Billet invité.
La pagaille européenne prend des dimensions renouvelées. Il faut aussi aller la rechercher dans une étude réalisée par KPMG, le groupe de services financiers, pour la découvrir dans toute sa profondeur et ne pas s’en tenir à ses manifestations les plus spectaculaires qui s’expriment sous la forme du véritable « krach politique » qui s’approche, pour reprendre l’expression appropriée de Martine Orange dans Médiapart.
Il s’avère que les créances douteuses des banques européennes atteindraient 1.500 milliards d’euros (dont 600 milliards pour les seuls établissements britanniques, espagnols et irlandais). Au lieu de nettoyer leurs bilans et constater des pertes en vendant leurs portefeuilles, ce qui viendrait contrevenir au renforcement de leurs fonds propres et inquiéterait les investisseurs, celles-ci préfèrent proroger leurs prêts (les faire rouler).

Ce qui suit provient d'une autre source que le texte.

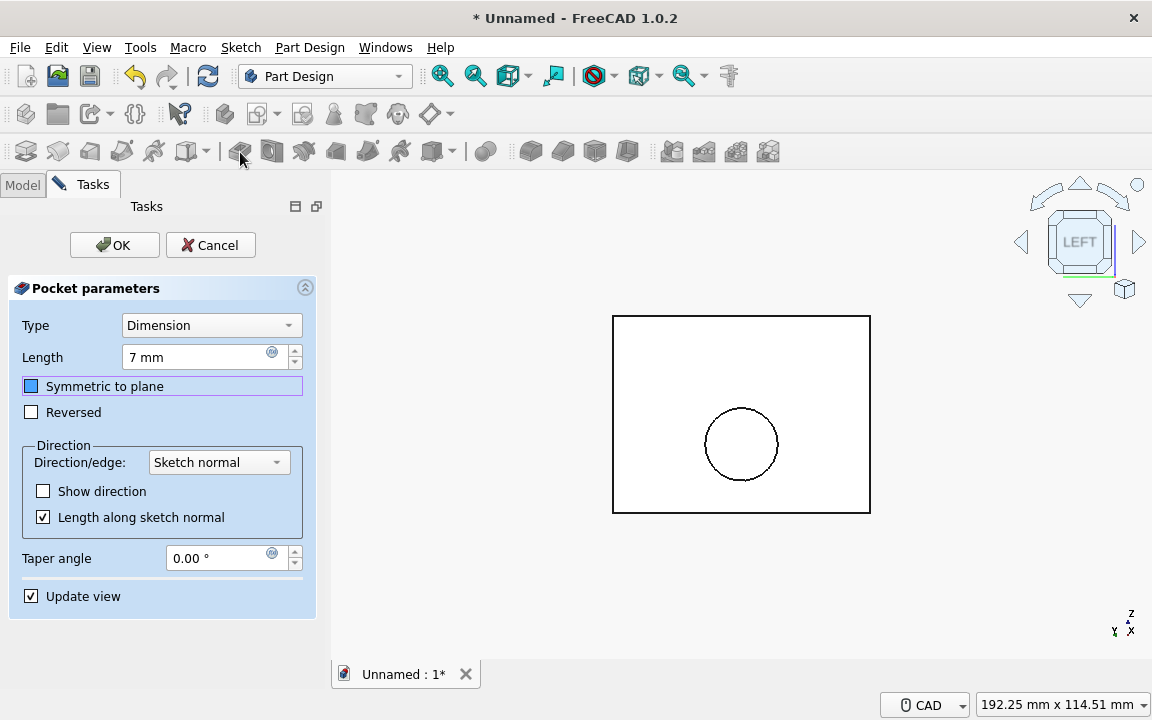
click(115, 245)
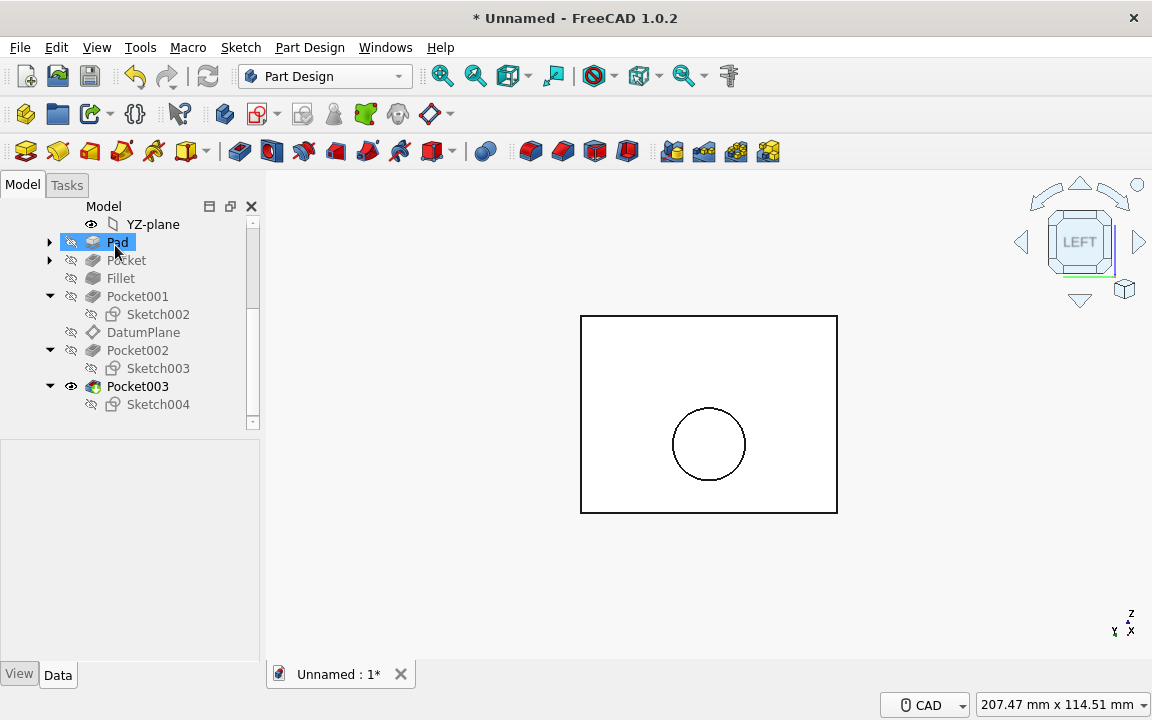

Nous venons seulement d’arriver, au bout de tant de longues années, à cette constatation qui dès le début de la crise aurait dû s’imposer : les banques sont plus atteintes qu’elles ne veulent le reconnaître et leur désendettement est prioritaire, sans que l’on puisse attendre qu’elles y parviennent par elles-mêmes en faisant de nouveaux dégâts. Les États auraient dû intervenir et appliquer avant l’heure le modèle chypriote de mise à contribution des actionnaires et des créanciers, qui était à l’époque impensable. Quitte à en assumer les conséquences systémiques qui n’auraient manqué d’apparaître, aboutissant à une reconfiguration d’ensemble du système bancaire européen et de la dette souveraine.
On a reculé à l’époque devant une telle horreur. Seul le gouvernement britannique, qui n’avait pas le choix, a dû nationaliser sans attendre et en grand. L’histoire du sauvetage des banques a ensuite été fait de mesures ayant en commun d’en contourner la nécessité, d’ailleurs pas toujours avec succès au bout du compte. Le dos a été tourné à la crise financière pour ne voir dans celle-ci que ce qui justifiait la poursuite d’un programme ultra-libéral, en profitant de l’occasion pour en accélérer brutalement l’application.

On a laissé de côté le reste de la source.